PREREQUISITES FOR INSTALLATION

Install Java

Java is the main prerequisite for Hadoop. You can download java in the below link

http://www.oracle.com/technetwork/java/javase/downloads/jdk7-downloads-1880260.html

Mapping the nodes

To map the nodes edit the /etc/hosts file with following command.

$ sudo vi /etc/hosts

had-1

Add following hostname and their IP in the /etc/hosts file
192.168.2.14 Hadoopmaster
192.168.2.15 Hadoopnode1
192.168.2.16 Hadoopnode2

had-2

Creating User Account

Create a system user account on both master and slave systems to use the Hadoop installation. The following commands will be used to create the user account.

$ sudo addgroup hadoop

$ sudo adduser –ingroup hadoop hduser

Add following line in /etc/sudoers/

hduser ALL=(ALL:ALL) ALL

Setup ssh in every node such that they can communicate with one another without any prompt for password.

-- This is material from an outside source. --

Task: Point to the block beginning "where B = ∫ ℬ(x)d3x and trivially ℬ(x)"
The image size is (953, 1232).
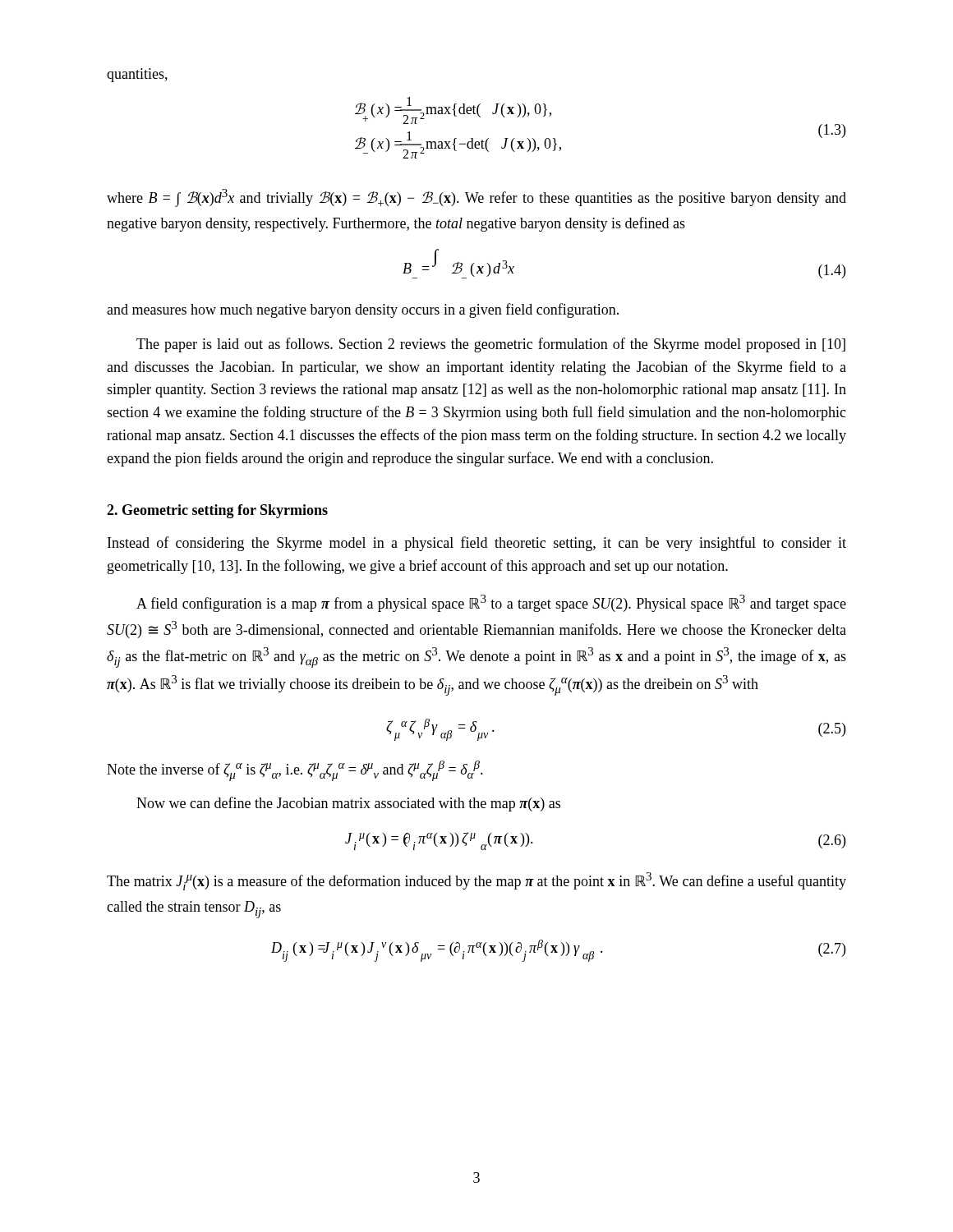Action: pyautogui.click(x=476, y=209)

#First login with hduser (and from now use only hduser account for further steps)

$ sudo su hduser

# Generate ssh key for hduser account

$ ssh-keygen -t rsa -P “”

had-3

#Configure password-less SSH

$ cat $HOME/.ssh/id_rsa.pub >> $HOME/.ssh/authorized_keys

Download Hadoop

Download any stable version of hadoop fron apache downloads and untar the file. Then move the hadoop package to /home directory. The below command is used to download the hadoop.

$ wget https://archive.apache.org/dist/hadoop/core/hadoop-2.6.0/hadoop-2.6.0.tar.gz

Now make changes in below files in hadoop package to configure multi-node cluster.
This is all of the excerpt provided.